An Extra Baked Potato // A Tribute to my Baba on her birthday

Over the holidays, I went with Grayson to a coaches dinner. There was a food truck parked in the driveway making fresh brick oven pizzas, market lights strung outside, and a big bonfire in the back yard. At these kinds of things, it’s pretty typical for the men to congregate in one area and for the women to gather together in another, and this night was no different. The coaches sat outside around the fire while the coaches wives talked around the kitchen table for hours.

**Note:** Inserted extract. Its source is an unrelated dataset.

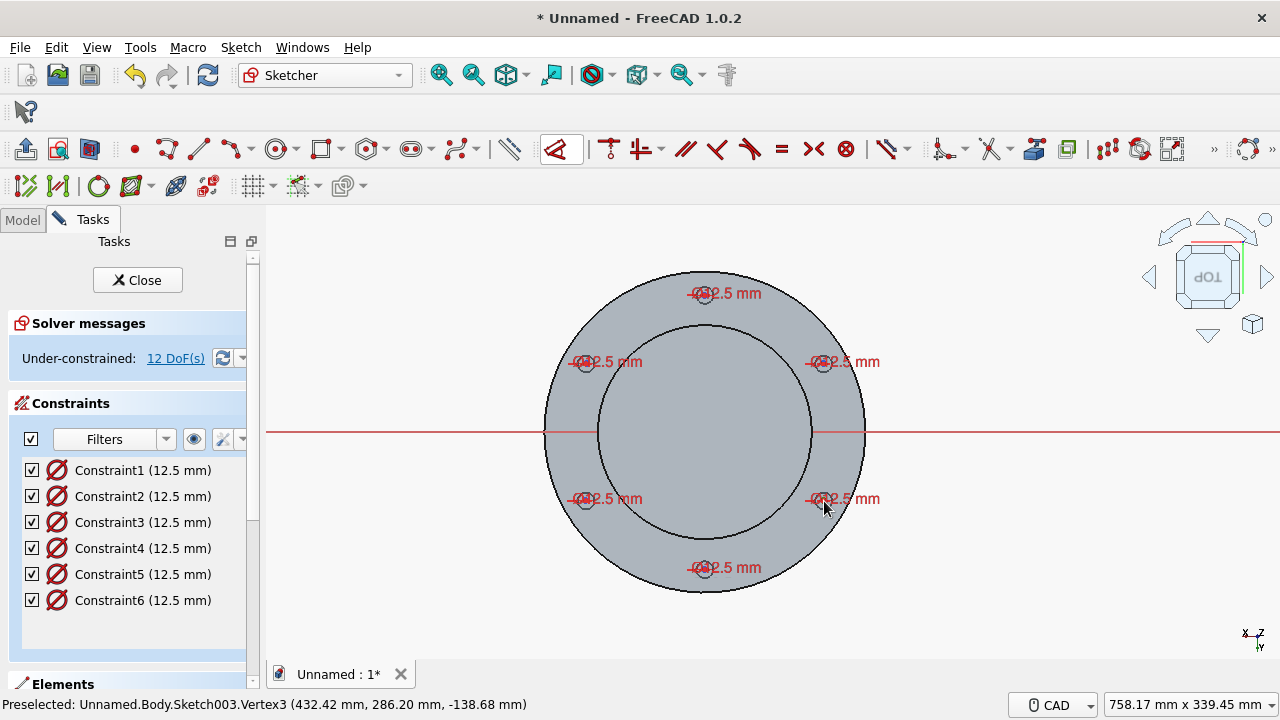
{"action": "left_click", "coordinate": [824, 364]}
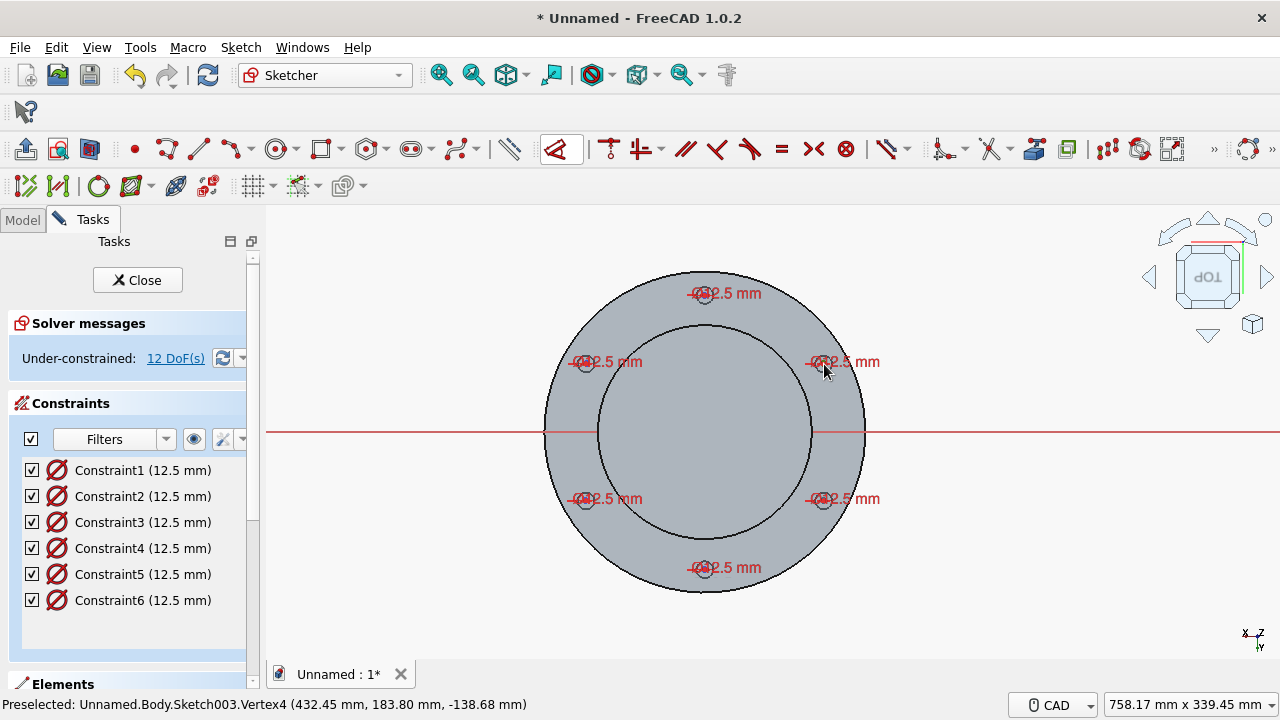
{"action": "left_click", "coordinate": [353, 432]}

This sweet group of women is made up of all ages; some of their husbands have been coaches for going on 30+ years, and some, like me, are only in year five or six. It’s a sweet, unlikely bond that I already treasure, but will undoubtably grow to treasure even more through the years. The older I get, the more thankful I am to feel like I fit in a group like this, and reminders of Titus 2 fill my heart with hope that one day I might be a veteran in a group like this making the youngest ones hungry for community and fellowship around a kitchen table.

Somehow, that night in the midst of conversation, the topic of hospitality came up. We were talking about how it’s so easy to just get caught up in your own little world with all the obligations and responsibilities of every day life that it can be really hard to stop and focus on nourishing relationships and welcoming people into your home. One of the ladies brought up how garage doors have killed community, because instead of getting out of your car in the driveway and making small talk with your neighbor, you can now just whip right into your attached garage, close the door behind you, and never have to have any contact with the people living around you (and sadly enough, if the truth was known, most of us like it that way).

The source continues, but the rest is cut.